Today, various types of omics data exist. These include genomic, epigenomic, transcriptomic, proteomic, and metabolomic data. Many of these data types are publicly available on The Cancer Genome Atlas (TCGA) [6]. In the following, the different types of molecular data are often referred to as “blocks”. Omics data have been used to develop predictive models for more than 20 years. These models traditionally used only one block, the mRNA block being likely the most commonly used. As a well-known example, mRNA data have often been found to be useful for predicting survival or response to therapy in cancer patients [7]. With the increasing availability of other types of blocks, the focus has shifted towards constructing predictive models based on multi-omics data, that is, several block types available for the same patients. Several analyses allow the interpretation that multi-omics data outperform single-omics data in predictive modeling [8,9,10,11]. For example, Li et al. [12] found that using multi-omics data delivered notably better results than using single-omics data in the prediction of the stage of lung adenocarcinoma.
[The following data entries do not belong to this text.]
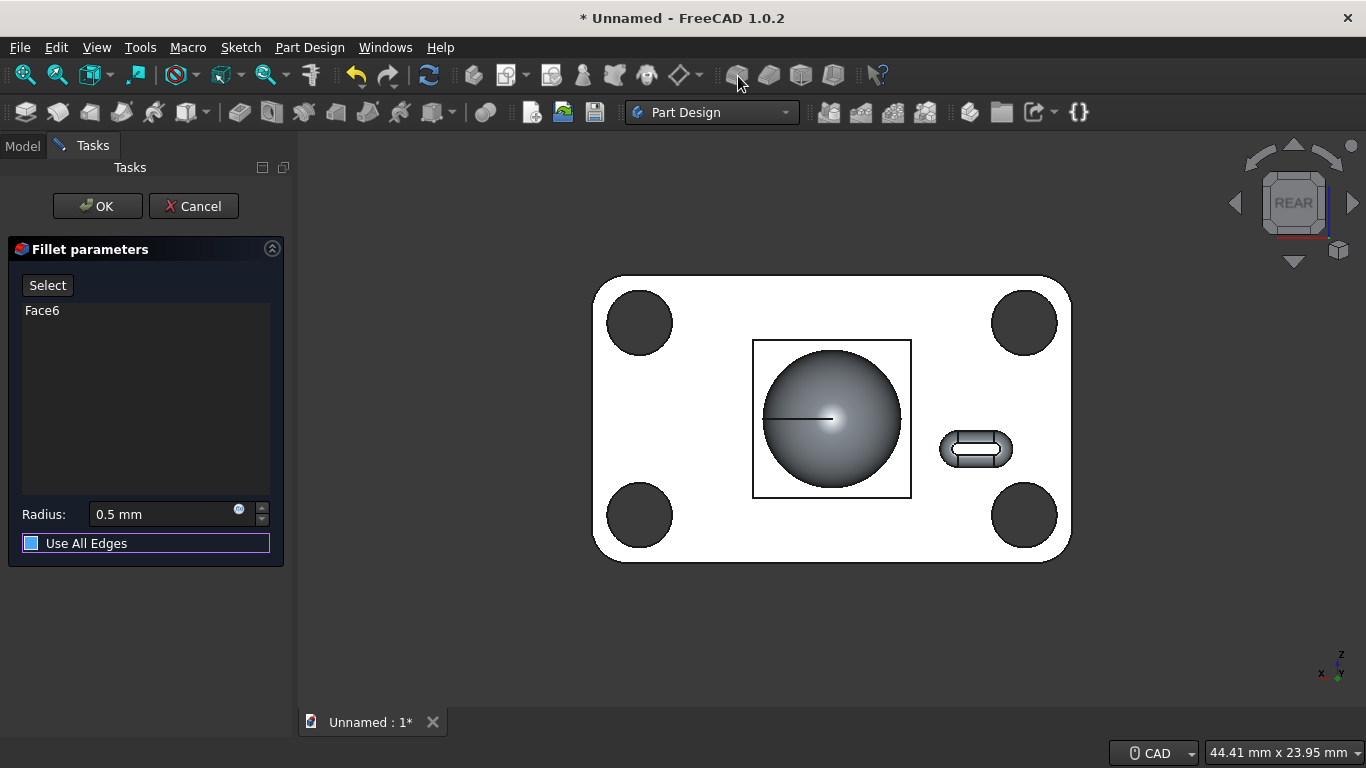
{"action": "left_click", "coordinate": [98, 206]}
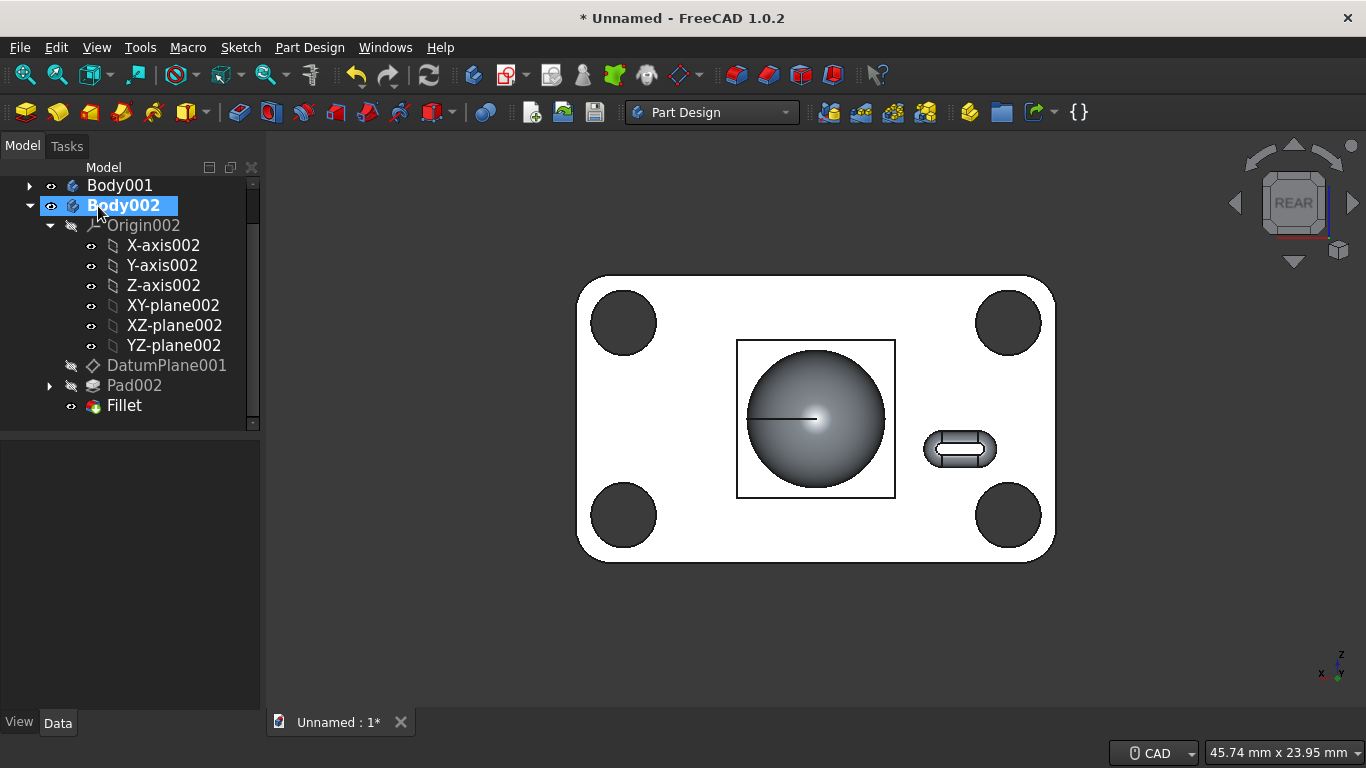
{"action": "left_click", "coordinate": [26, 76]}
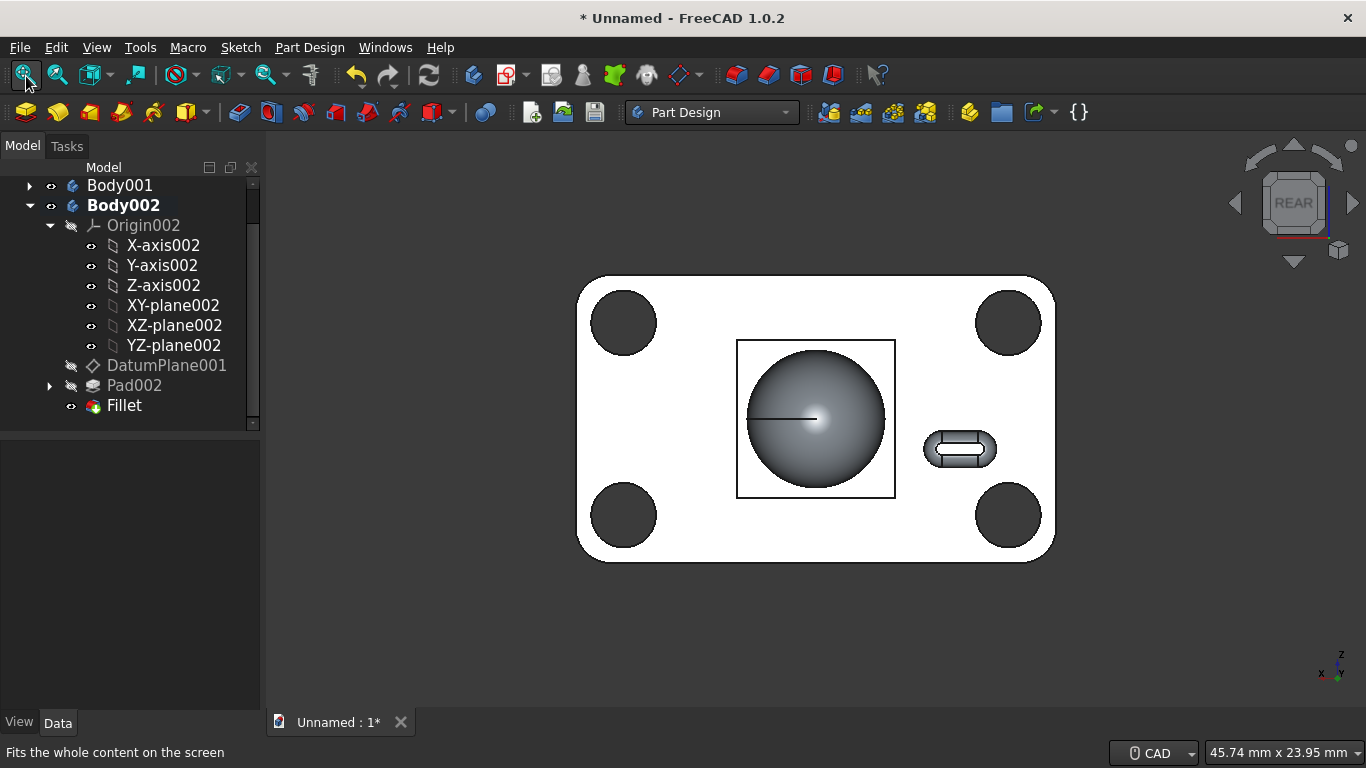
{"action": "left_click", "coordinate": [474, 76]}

The prevailing assumption in the field, as evidenced by the multi-omics literature, is that incorporating as many blocks as feasible optimizes predictive performance. However, recent findings have suggested that this strategy may inadvertently lead to suboptimal results if less informative or redundant blocks are included (see next paragraph for details). To our knowledge, a thorough examination of which blocks consistently improve the predictive performance and which blocks can and should, in general, be left out has not been conducted. Omitting certain data blocks could not only potentially enhance predictive performance but also lead to cost savings. In fact, it is quite costly and laborious to obtain different blocks for the same patient. The huge data volume of multi-omics data can also lead to long computation times and large consumptions of computational memory. Thus, ideally, the number of blocks should be small to reduce the costs and complexities involved in the clinical implementation and acquisition of patients’ molecular data. Moreover, given the costs and efforts needed to obtain multi-omics data, when including multiple blocks at the same time the sample sizes associated with these data can be expected to be small. Prediction models derived from small sample sizes are likely to be less reliable, especially when dealing with a large number of features.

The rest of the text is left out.